Read Rise of the Data Lakehouse to explore why lakehouses are the data architecture of the future with the father of the data warehouse, Bill Inmon.
In the past decade, the amount of available genomic data has exploded as the price of genome sequencing has dropped. Researchers are now able to scan for associations between genetic variation and diseases across cohorts of hundreds of thousands of individuals from projects such as the UK Biobank. These analyses will lead to a deeper understanding of the root causes of disease that will lead to treatments for some of today’s most important health problems. However, the tools to analyze these data sets have not kept pace with the growth in data.

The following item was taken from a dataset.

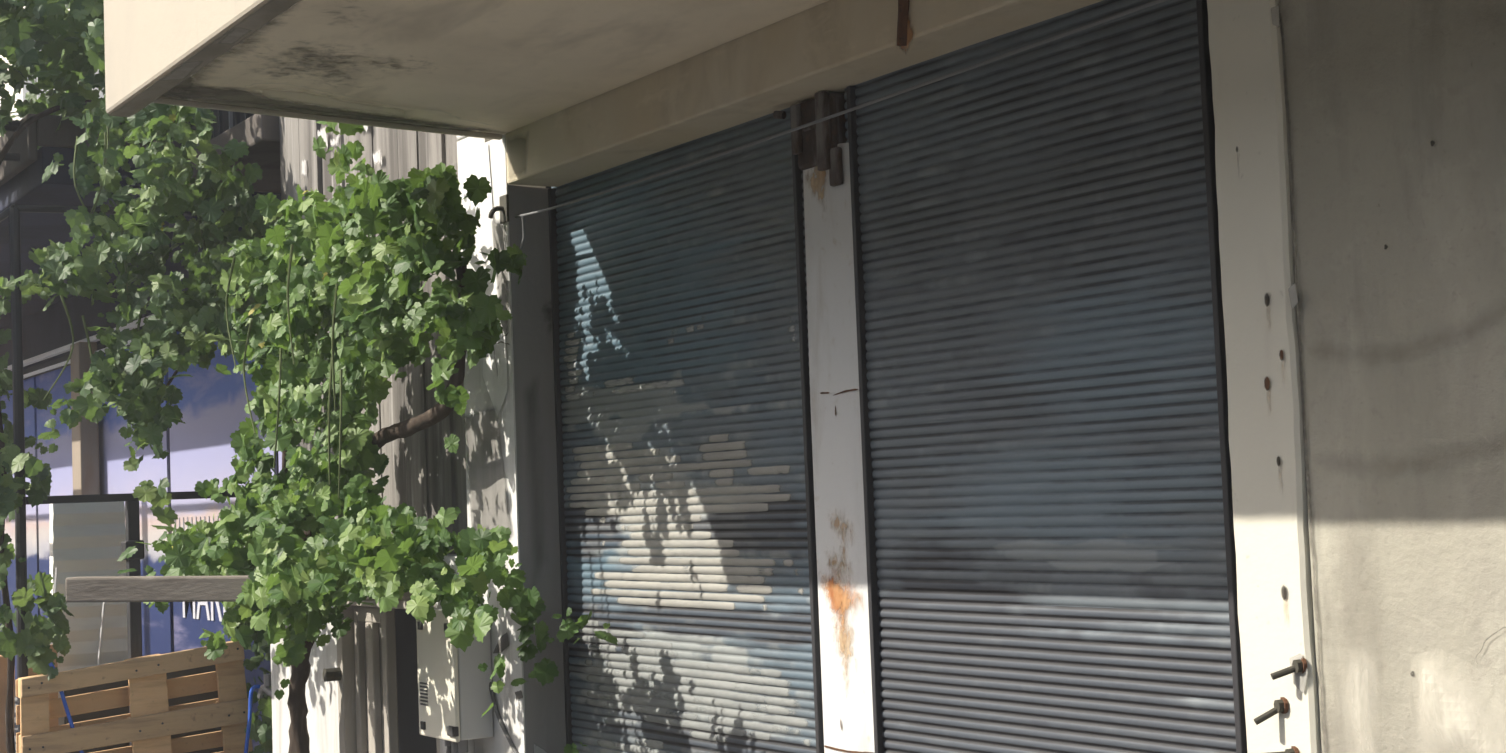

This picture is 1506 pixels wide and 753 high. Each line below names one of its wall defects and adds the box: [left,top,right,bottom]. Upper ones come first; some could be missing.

corrosion [825,517,860,674]
crack [1280,19,1326,752]

Many users are accustomed to using command line tools like plink or single-node Python and R scripts to work with genomic data. However, single node tools will not suffice at terabyte scale and beyond. The Hail project from the Broad Institute builds on top of Spark to distribute computation to multiple nodes, but it requires users to learn a new API in addition to Spark and encourages that data to be stored in a Hail-specific file format. Since genomic data holds value not in isolation but as one input to analyses that combine disparate sources such as medical records, insurance claims, and medical images, a separate system can cause serious complications.

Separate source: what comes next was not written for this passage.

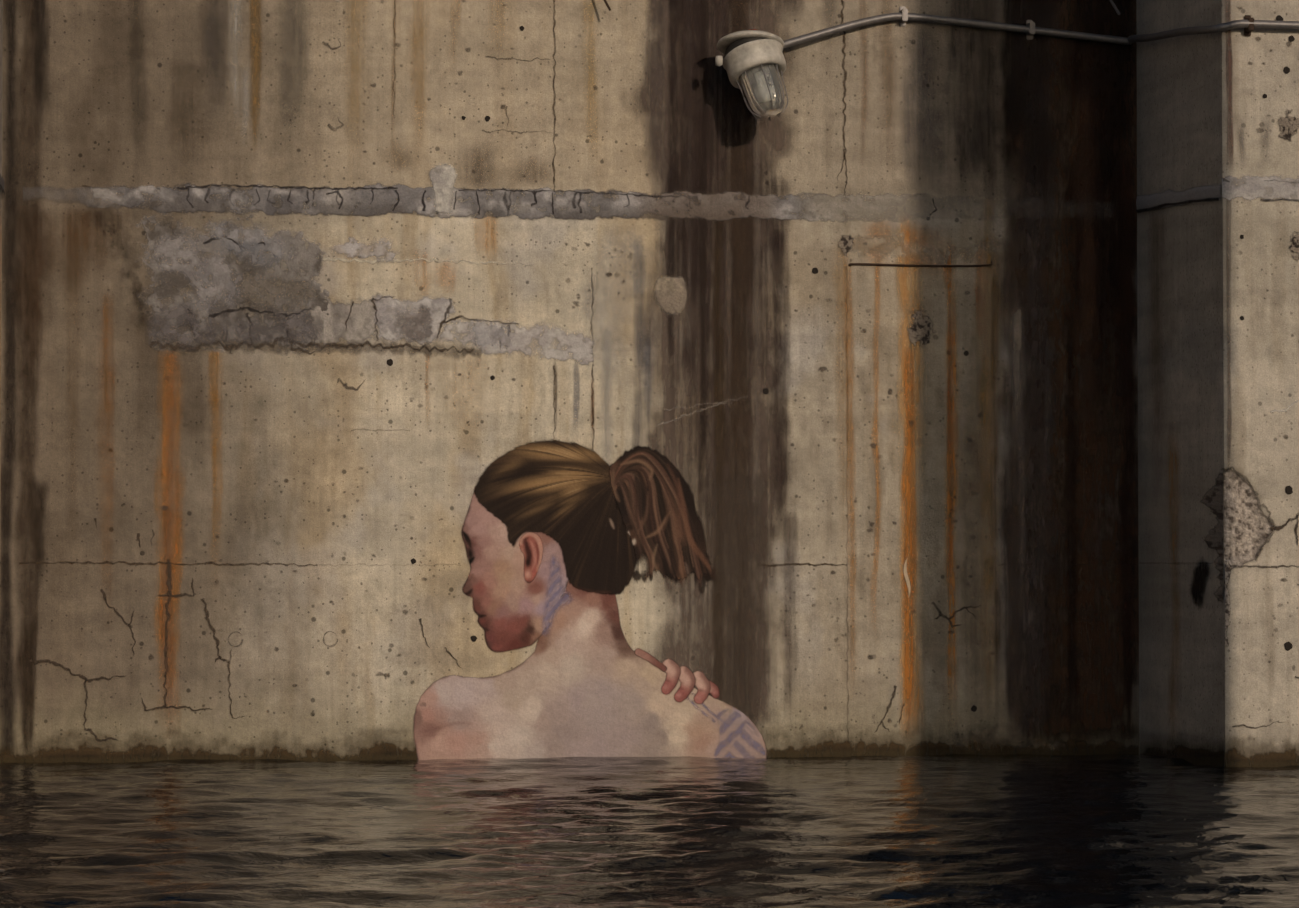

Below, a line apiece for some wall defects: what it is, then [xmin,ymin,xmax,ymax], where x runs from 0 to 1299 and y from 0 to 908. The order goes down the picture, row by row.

We believe that Spark SQL, which has become the de facto standard for working with massive datasets of all different flavors, represents the most direct path to simple, scalable genomic workflows. Spark SQL is used for extracting, transforming, and loading (ETL) big data in a distributed fashion. ETL is 90% of the effort involved in bioinformatics, from extracting mutations, annotating them with external data sources, to preparing them for downstream statistical and machine learning analysis. Spark SQL contains high-level APIs in languages such as Python or R that are simple to learn and result in code that is easier to read and maintain than more traditional bioinformatics approaches. In this post, we will introduce the readers and writers that provide a robust, flexible connection between genomic data and Spark SQL.
Reading data
Our readers are implemented as Spark SQL data sources, so VCF and BGEN can be read into a Spark DataFrame as simply as any other file type. In Python, reading a directory of VCF files looks like this:
spark.read\
.format("com.databricks.vcf")\
.option("includeSampleIds", True)\
.option("flattenInfoFields", True)\
.load("/databricks-datasets/genomics/1kg-vcfs")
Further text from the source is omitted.